The market for photographing jewelry is growing by the day. Jewelry photography can be a fun, rewarding, and profitable endeavour.
Are you looking for a way to take photos that will sell your products better and make them look even more beautiful? Our guide will help you start capturing those great jewelry shots today.
Types of Jewelry Photography
Before we begin, it is good to keep in mind that there are two different kinds of jewelry product photography.
Both of these have different requirements and techniques.
Product and e-commerce photography are the images you will see online or in a product catalog. These images are usually shot on a seamless solid color background. They highlight only the jewelry.
1. Use a Tripod for Jewelry Photography
For still life product images like jewelry, you’ll want to use a tripod.
Having your camera steady on a tripod has two more advantages:
- It makes it easier to adjust focus points and depth-of-field (aperture);
- You can drop to much lower shutter speed and ISO to avoid or reduce noise.
For lifestyle catalog or editorial photography, you can leave the tripod at home.
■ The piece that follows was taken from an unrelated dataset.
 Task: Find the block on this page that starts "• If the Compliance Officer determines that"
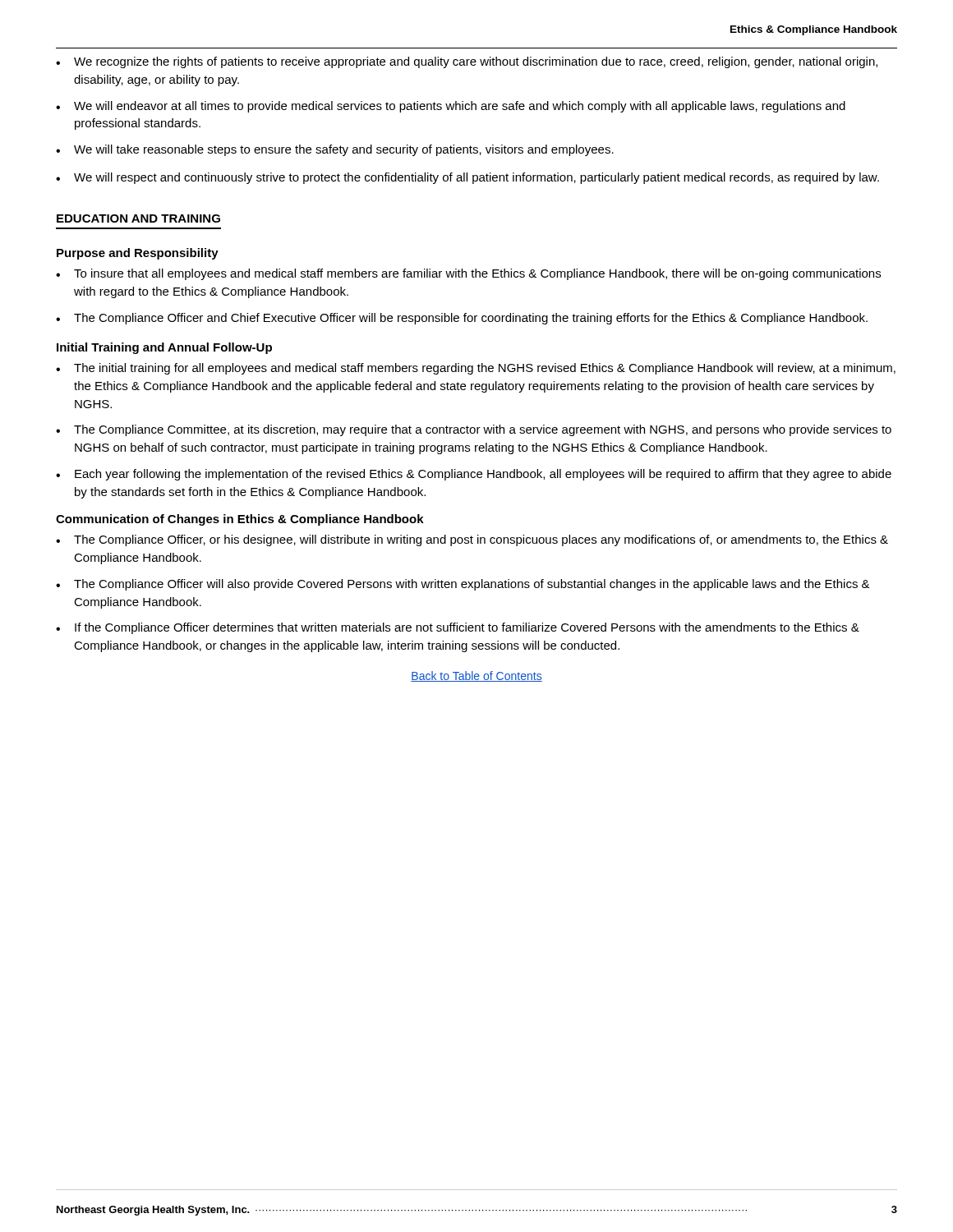(x=476, y=637)

Keep in mind that you’ll still want to adhere to commercial photography guidelines and keep your work looking very sharp.
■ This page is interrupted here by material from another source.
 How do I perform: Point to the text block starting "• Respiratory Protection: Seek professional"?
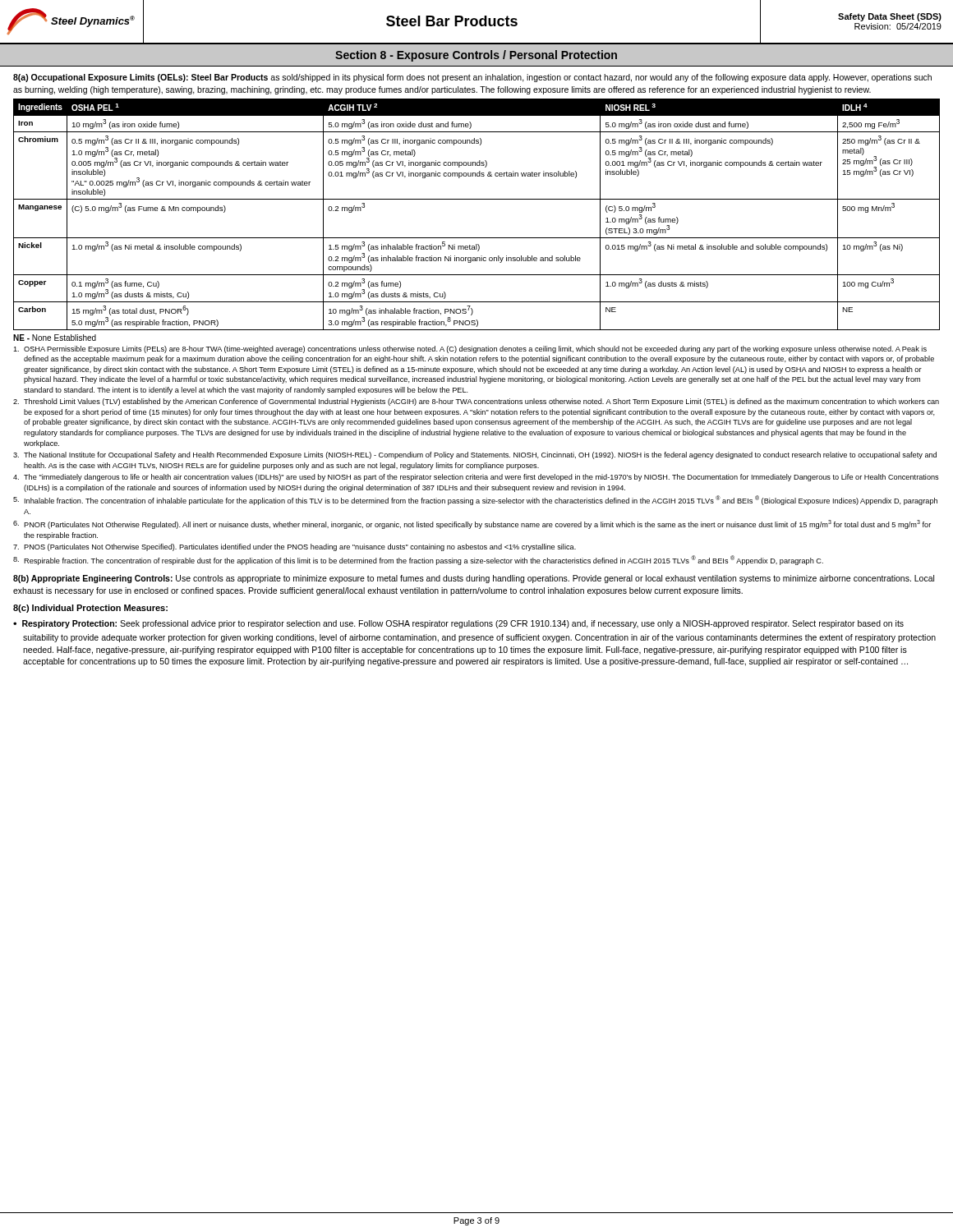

2. Choose the Right Camera for Jewelry Photos
What is the best camera for jewelry photography? Lucky for most, the camera is not as significant in photographing jewelry as in other fields. Photographing accessories is a still-life endeavour. You will not be pushing the limits or boundaries of your camera.
Product and e-Commerce Jewelry Photography
For e-commerce and standard product images, megapixel count won’t matter too much. These images will likely be small or only for online use.
Some photographers have even gotten away with using point-and-shoot or compact cameras. We don’t suggest this if you want to do professional work. Most mid-level DSLRs are suitable for this category.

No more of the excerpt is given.